Describe all homomorphic images of the dihedral group $D_3$ of order 6

Question

I saw a solution for $D_4$ where they just found all the normal subgroups and found the quotient groups. Is that sufficient here? How do I even do that? I know that one of them is the kernel of $D_3$, which is just all of the symmetries

Answer 1

Is that sufficient here?

Yes, this is the content of the first isomorphism theorem.

How do I even do that?

I think $D_3$ is small enough to do by hand (listing out subgroups and finding the normal ones, as suggested in the comments).

---

You did not list the elements of $D_3$ correctly if you are writing in terms of generators. (Part of it is my fault, I wrote the presentation of $D_4$ rather than $D_3$ in the comments.) Moreover, you have subgroups of size $4$, which does not divide $|D_3|=6$.
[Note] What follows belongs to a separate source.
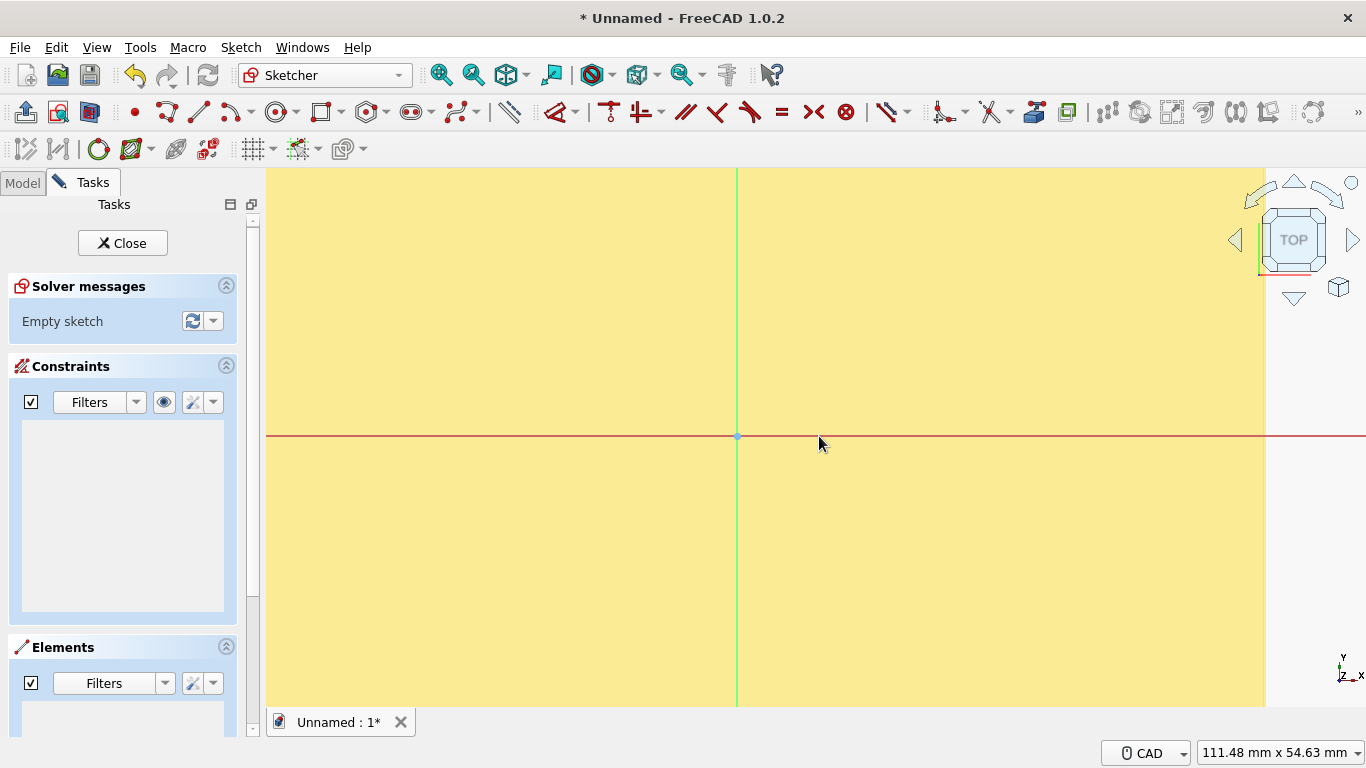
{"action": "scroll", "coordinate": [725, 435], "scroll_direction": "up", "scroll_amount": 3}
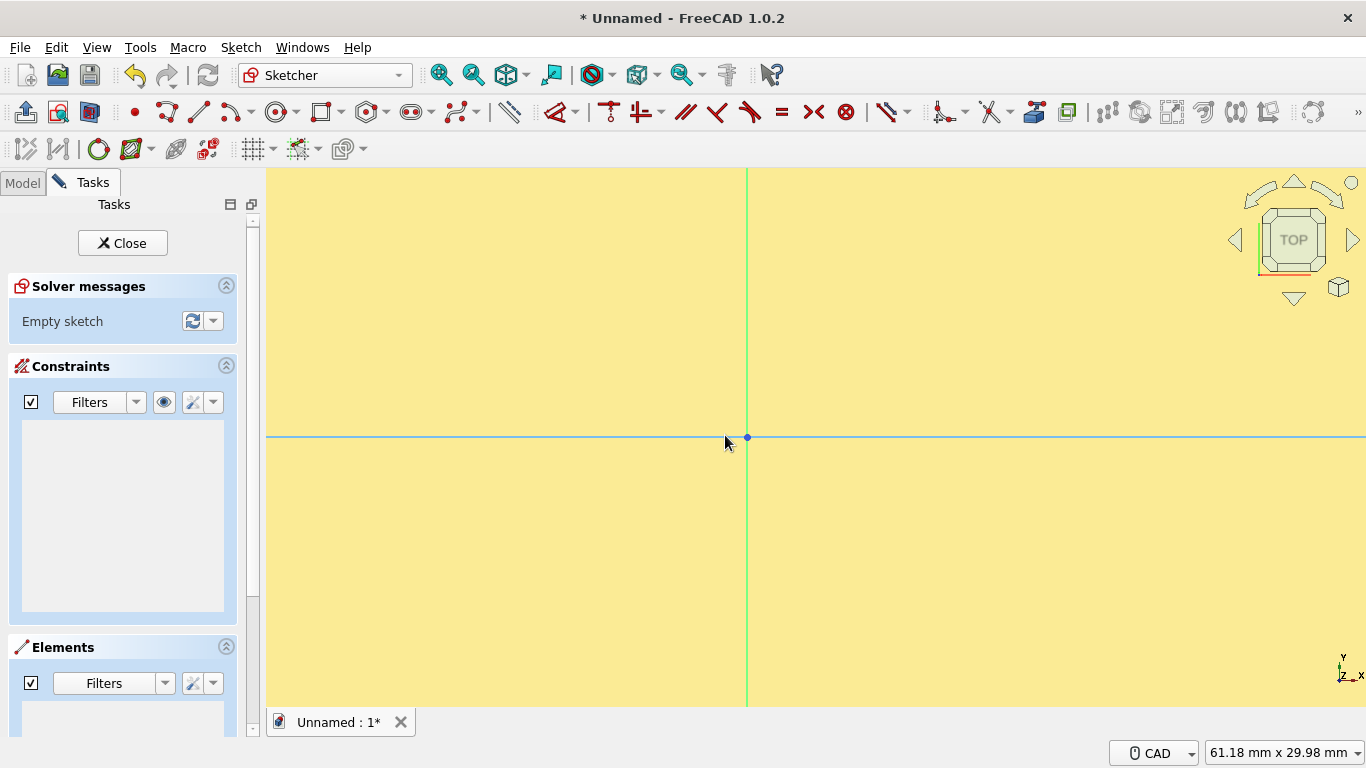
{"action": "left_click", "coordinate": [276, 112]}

If you use the presentation $\langle r,s \mid r^3=s^2=(sr)^2=e \rangle$, then the elements can be listed as $\{e, r, r^2, s, sr, sr^2\}$. The subgroups are $\{e\}$, $\{e, s\}$, $\{e, sr\}$, $\{e, sr^2\}$, $\{e, s, s^2\}$, and $D_3$. You can check that only $\{e\}$, $\{e, s, s^2\}$, and $D_3$ are normal.

If you want to use the notation given in your link, then the subgroups are $\{id\}$, $\{id, m_1\}$, $\{id, m_2\}$, $\{id, m_3\}$, $\{id, r_1, r_2\}$, and $D_3$. Only $\{id\}$, $\{id, r_1, r_2\}$, and $D_3$ are normal.